"Starting a dialogue" isn't a passable or plausible goal, in my opinion, because this is a young, immature community with few things of value to say. Regardless of the hatespeech epidemic which may or may not be attributed to a "small minority," it's a strawman to act as though Leigh Alexander and others speak for the media as a whole and there has been a monolithic reaction of "anti-gamer rhetoric" (the very phrase itself is embarrassing). If anything I see people like Jason Schreier and others whose personae are more diplomatic bending over backward to maintain a dialogue with people who clearly are more incensed, more invested, and less able to see the forest for the trees on this issue.

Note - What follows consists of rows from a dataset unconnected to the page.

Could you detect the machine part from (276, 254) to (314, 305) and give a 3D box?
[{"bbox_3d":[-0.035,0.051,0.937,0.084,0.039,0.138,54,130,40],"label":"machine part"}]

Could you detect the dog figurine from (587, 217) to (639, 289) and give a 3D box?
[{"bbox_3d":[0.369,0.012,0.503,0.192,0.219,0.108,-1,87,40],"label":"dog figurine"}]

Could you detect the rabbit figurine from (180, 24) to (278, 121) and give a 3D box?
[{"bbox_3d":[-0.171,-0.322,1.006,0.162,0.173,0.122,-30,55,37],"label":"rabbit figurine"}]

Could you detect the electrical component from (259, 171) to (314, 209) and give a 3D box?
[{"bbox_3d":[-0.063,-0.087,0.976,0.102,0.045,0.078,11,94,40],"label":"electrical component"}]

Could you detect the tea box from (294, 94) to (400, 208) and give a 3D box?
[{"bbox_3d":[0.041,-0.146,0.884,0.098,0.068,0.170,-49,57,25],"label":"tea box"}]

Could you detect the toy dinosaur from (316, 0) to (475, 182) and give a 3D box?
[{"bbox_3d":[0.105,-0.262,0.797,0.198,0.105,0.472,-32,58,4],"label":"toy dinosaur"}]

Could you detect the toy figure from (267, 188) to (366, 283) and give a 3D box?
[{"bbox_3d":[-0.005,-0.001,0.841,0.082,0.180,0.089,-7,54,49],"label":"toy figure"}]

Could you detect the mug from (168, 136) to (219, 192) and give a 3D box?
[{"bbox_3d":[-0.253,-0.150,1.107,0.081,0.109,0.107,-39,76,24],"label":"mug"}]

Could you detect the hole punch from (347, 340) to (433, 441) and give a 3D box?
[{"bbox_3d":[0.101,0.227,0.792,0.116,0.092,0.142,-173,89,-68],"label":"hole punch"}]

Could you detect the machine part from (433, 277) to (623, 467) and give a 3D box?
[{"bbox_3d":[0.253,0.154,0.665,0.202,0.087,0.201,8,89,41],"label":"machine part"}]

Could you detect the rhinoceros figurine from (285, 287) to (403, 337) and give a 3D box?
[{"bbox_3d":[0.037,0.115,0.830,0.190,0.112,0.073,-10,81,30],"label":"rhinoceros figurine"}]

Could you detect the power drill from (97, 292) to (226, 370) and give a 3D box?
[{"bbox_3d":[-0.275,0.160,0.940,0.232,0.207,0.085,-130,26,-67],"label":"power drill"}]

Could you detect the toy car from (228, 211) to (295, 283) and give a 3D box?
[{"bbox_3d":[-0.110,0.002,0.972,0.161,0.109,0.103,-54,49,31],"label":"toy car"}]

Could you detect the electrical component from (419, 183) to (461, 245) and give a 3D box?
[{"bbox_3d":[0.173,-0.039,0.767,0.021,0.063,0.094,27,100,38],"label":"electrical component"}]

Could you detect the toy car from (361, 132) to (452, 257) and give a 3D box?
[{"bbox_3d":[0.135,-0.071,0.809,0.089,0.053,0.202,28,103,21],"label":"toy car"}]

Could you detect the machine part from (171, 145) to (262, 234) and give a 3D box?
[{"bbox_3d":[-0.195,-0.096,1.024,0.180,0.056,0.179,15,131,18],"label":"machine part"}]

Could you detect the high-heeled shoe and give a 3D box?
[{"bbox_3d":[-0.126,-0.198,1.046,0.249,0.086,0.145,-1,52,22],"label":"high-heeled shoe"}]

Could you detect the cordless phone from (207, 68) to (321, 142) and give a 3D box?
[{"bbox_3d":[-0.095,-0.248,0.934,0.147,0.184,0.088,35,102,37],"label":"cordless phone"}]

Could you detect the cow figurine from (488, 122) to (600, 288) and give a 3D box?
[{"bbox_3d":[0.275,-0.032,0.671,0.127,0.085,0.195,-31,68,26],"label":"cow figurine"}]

These are men and women in their late twenties and all the way into their forties, with college degrees and life experience, trying to communicate with children with anime and My Little Pony avatars on Twitter, who are insisting that #GamerGate is changing the industry forever.
Stop going to gaming sites. If you want a dialogue, get all your news from NeoGAF - it's probably available there first. When you've convinced yourself that the act of reading the words of someone who can't read yours is inherently unfair, text-based media is no longer a venue for you.
But what's worse, and what is insidious, about posts like this, is that you sneak in right at the end of your point that this isn't simply about being able to Web 2.0 your way into a better, brighter tomorrow where the lines are blurred between journalist and reader - what this is actually about, what really makes, you, the reader feel voiceless and is the catalyst for all this hashtag activism, is that you feel infringed upon by gaming journalists' "personal agendas."
That poison in the well of our past time, ruining it for the people who just want to enjoy games without it being so political. Calling it their "personal agenda" makes it an extreme viewpoint, rather than just baseline human decency and ethical coverage of gaming that is consumable by demographics more diverse than white, male, Mtn Dewdes. So, why don't we work on starting a dialogue when the reason you care about doing so isn't because you feel marginalized for being a gamer?